Unfortunately, it seems that the 419 scammers (named after the Nigerian law that purports to curtail this behavior) have moved on to different kinds of scams. Again, unfortunately, many have focused on small business owners, like myself. I have, of course, no definitive proof that the following tale was actually a scam, but it sure as hell looks like one.

Almost without variation, these sort of scams have the following characteristics: they use a Yahoo or Hotmail account, state they are from the UK, state they need wedding photography within a few days or weeks, and state that they are unable to speak to you directly, only by email.

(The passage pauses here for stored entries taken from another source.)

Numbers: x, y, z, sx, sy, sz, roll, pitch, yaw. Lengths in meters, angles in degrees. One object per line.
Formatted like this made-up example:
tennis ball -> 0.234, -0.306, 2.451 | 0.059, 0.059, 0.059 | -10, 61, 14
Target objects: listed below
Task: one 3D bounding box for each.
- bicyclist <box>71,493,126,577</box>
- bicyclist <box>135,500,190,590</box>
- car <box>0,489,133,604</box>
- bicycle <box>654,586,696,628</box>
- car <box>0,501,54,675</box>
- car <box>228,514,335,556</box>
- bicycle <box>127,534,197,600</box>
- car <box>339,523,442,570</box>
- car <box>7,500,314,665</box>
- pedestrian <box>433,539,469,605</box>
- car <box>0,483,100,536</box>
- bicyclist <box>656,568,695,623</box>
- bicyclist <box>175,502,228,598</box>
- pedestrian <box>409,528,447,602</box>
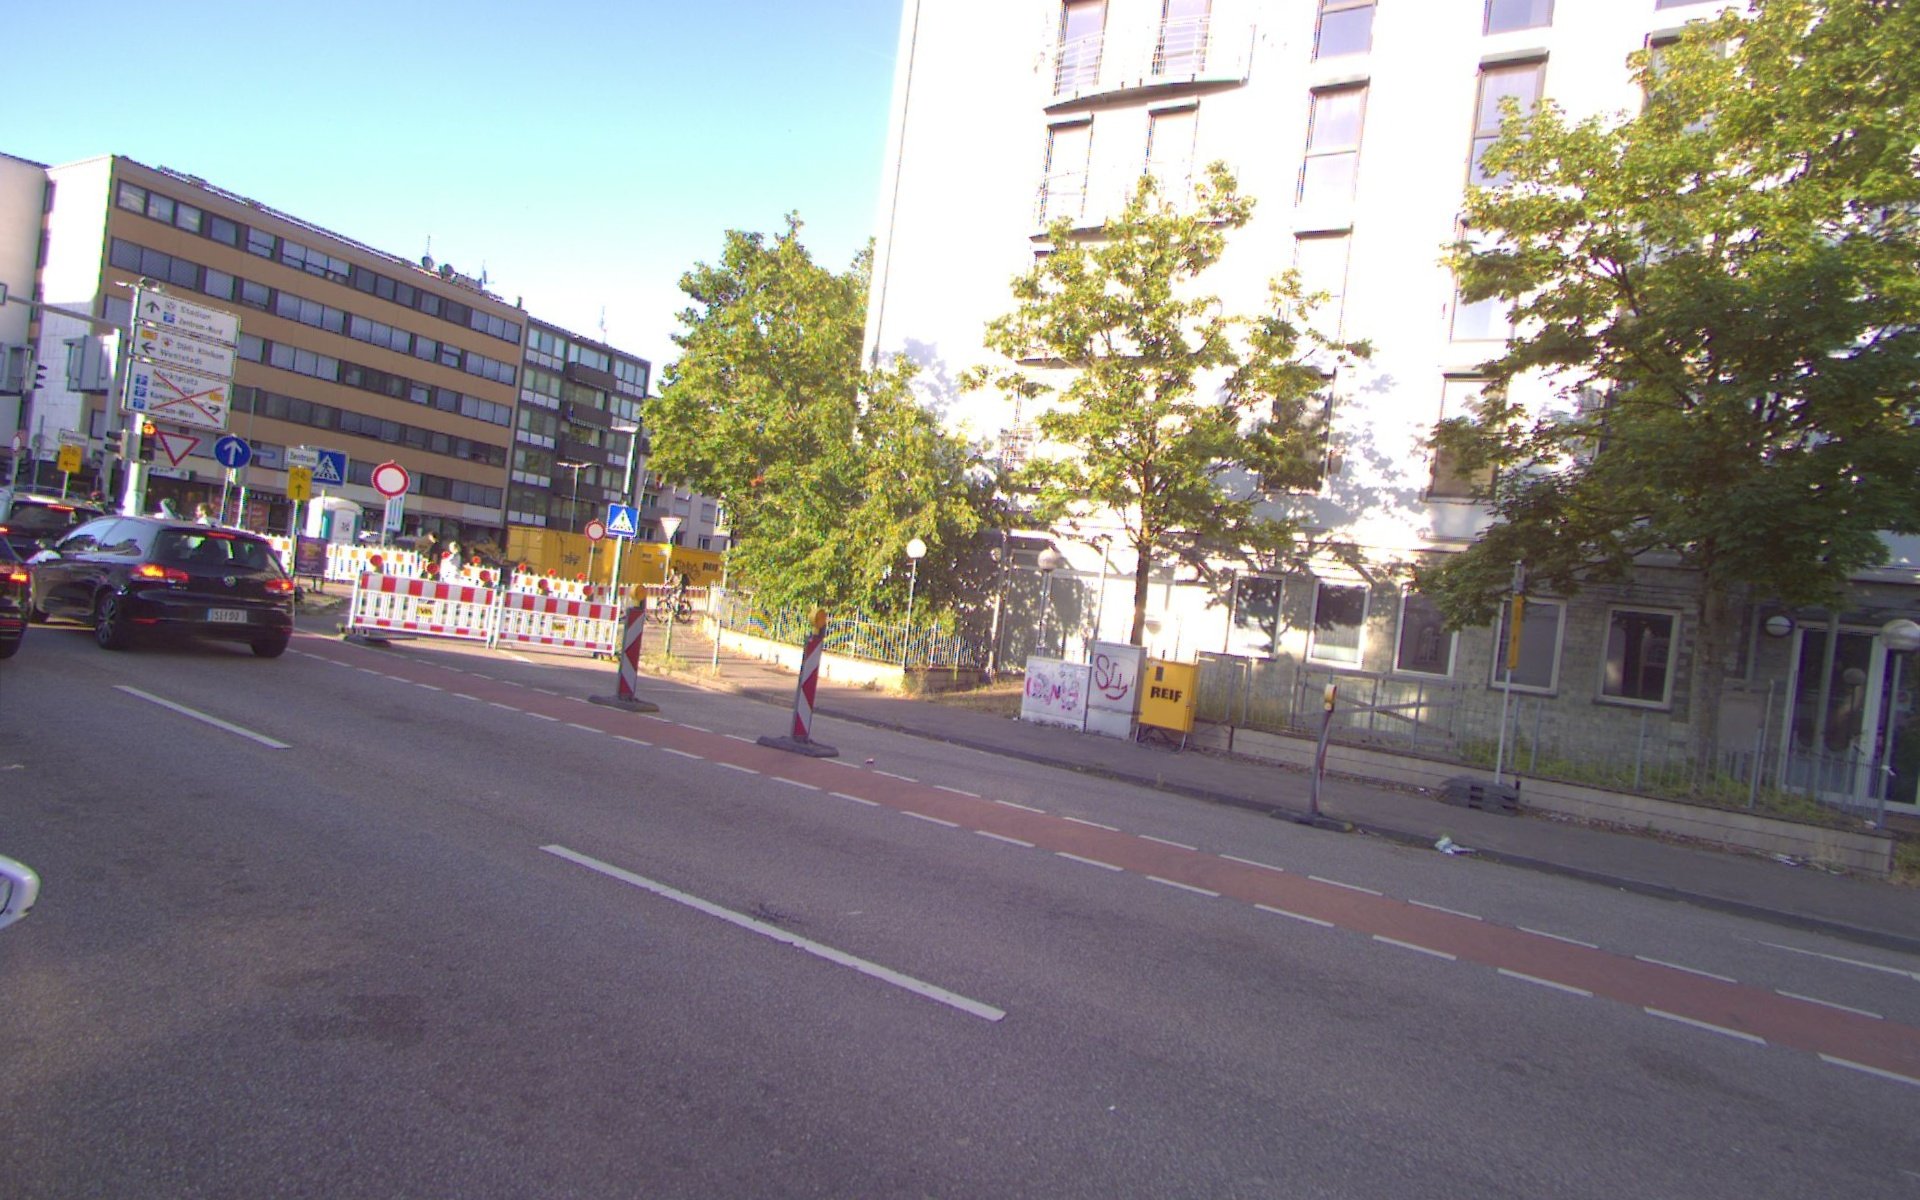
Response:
bicyclist -> -16.961, -1.272, 19.808 | 0.713, 1.544, 0.514 | 7, 1, 32
bicyclist -> -14.512, -1.007, 18.302 | 0.713, 1.544, 0.441 | 7, 1, 32
car -> -14.156, -0.898, 15.204 | 3.250, 1.467, 1.507 | 7, 0, 32
bicycle -> -8.883, 0.225, 31.409 | 0.367, 1.174, 1.501 | 8, -1, 18
car -> -10.037, -0.368, 8.998 | 4.144, 1.437, 1.685 | 7, -2, 32
car -> -31.437, -2.997, 46.678 | 1.668, 1.405, 3.678 | 7, 1, 31
bicycle -> -14.494, -0.612, 18.258 | 1.825, 1.020, 0.337 | 7, 1, 32
car -> -30.252, -2.804, 53.537 | 1.967, 1.839, 4.221 | 7, 0, 32
car -> -9.659, -0.234, 12.100 | 3.683, 1.466, 1.637 | 7, -2, 32
pedestrian -> -13.665, -0.739, 27.012 | 0.446, 1.692, 0.604 | 7, 1, 8
car -> -35.398, -3.505, 37.753 | 1.756, 1.568, 4.350 | 7, -1, 25
bicyclist -> -8.866, -0.131, 31.394 | 0.608, 1.608, 0.815 | 8, 0, 17
bicyclist -> -12.825, -0.834, 17.007 | 0.474, 1.544, 0.441 | 7, 1, 32
pedestrian -> -13.875, -0.905, 26.229 | 0.478, 1.857, 0.571 | 7, 1, 2

Again, for the sake of experimentation, here is the exchange I have had, thus far, with a suspected 419 scammer. This person, I believe, got my email from either PartyPop (as this happened before the recent unpleasantness with the service) or from a craigslist ad.

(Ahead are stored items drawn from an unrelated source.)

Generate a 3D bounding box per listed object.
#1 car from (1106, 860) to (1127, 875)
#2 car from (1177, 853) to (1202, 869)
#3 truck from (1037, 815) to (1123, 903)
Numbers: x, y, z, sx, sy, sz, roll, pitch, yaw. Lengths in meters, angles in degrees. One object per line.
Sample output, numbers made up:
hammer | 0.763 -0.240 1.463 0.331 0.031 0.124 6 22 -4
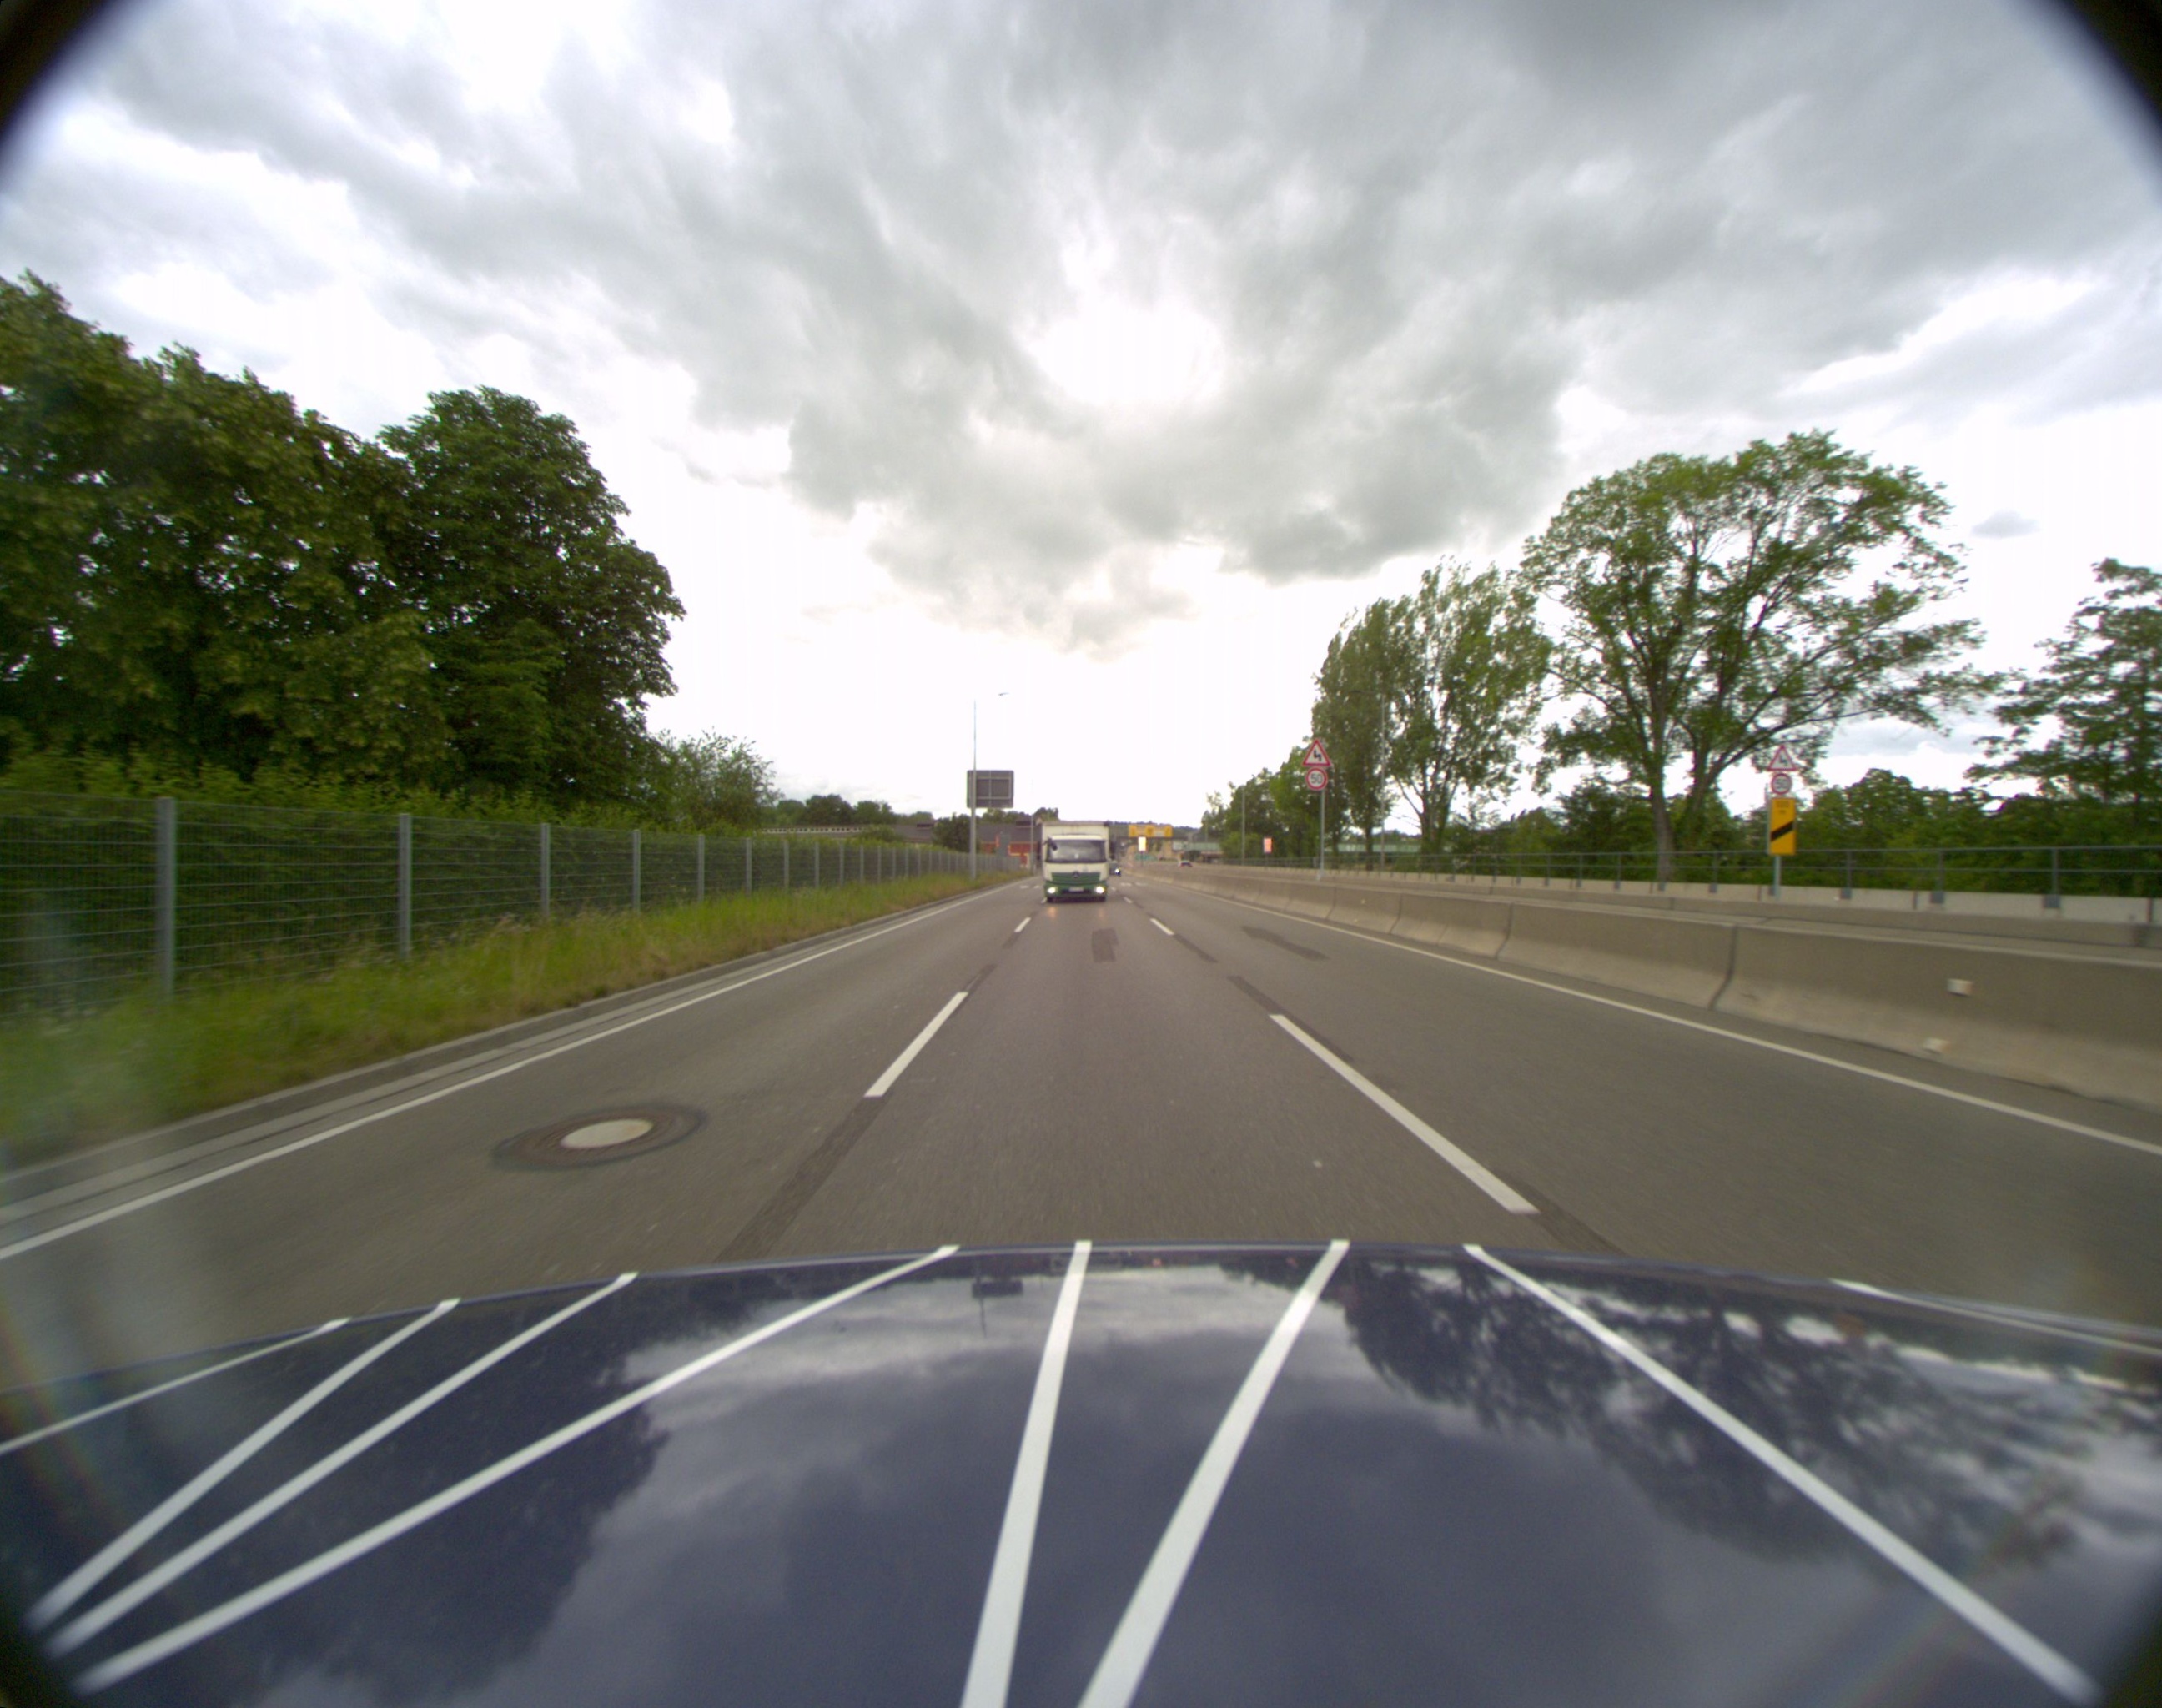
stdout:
car | 3.686 1.353 78.922 1.998 1.444 4.000 -2 0 1
car | 13.409 0.845 93.933 2.335 1.914 5.002 -2 0 1
truck | -0.099 0.182 31.306 2.943 3.064 8.386 -2 0 -1

Additionally, if anyone has any idea of how, in the world, this scam would actually work, please let me know. Perhaps “Andrew” plans on canceling the wedding at the last minute, and asking for a refund of a bogus check? Also, despite the fact that he repeatedly states the urgency of this matter, it is often the better part of a week before any response to my emails. Leave your thoughts below.

This scam works against some unwitting people, since the an international money order will appear to clear immediately. Due to delays with international transactions, it may take a couple weeks for a bogus check to bounce, time enough for the victim to wire good money “owed” to the scammer for a refund or overpayment.

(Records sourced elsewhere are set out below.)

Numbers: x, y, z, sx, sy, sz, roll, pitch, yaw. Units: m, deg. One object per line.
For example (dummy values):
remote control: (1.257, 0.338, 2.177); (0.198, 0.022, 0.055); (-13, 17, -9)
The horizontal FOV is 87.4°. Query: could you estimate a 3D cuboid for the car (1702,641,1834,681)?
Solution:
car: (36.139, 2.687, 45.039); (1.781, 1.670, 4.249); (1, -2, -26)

Anyhow, the lesson is this: Do not take money from international customers who offer to pay by international money order, and/or state they are going to pay you far in excess of your asking price. It’s a scam.

Other things to look out for:
- Poor command of English
- Exhortations that you respond “immediately” to the request
- Refusal to provide a phone number or a local contact

----
July 22, 2006
From: Andrew Jones
Subject: Photographer Needed

Hello,

I am Andrew Jones from the UK.I am having my wedding on the 9th of September at Burbank, CA .I want to know if you are available to cover my wedding event on that day. Please respond immediately with your packages and prices. I await your immediate response.

Regards,
Andrew.

----
July 22, 2006
To: Andrew Jones
Subject: Re: Photographer Needed

Andrew,

Glad to hear from you. I've attached a copy of my price list. Please let me know if you are unable to read pdf formats.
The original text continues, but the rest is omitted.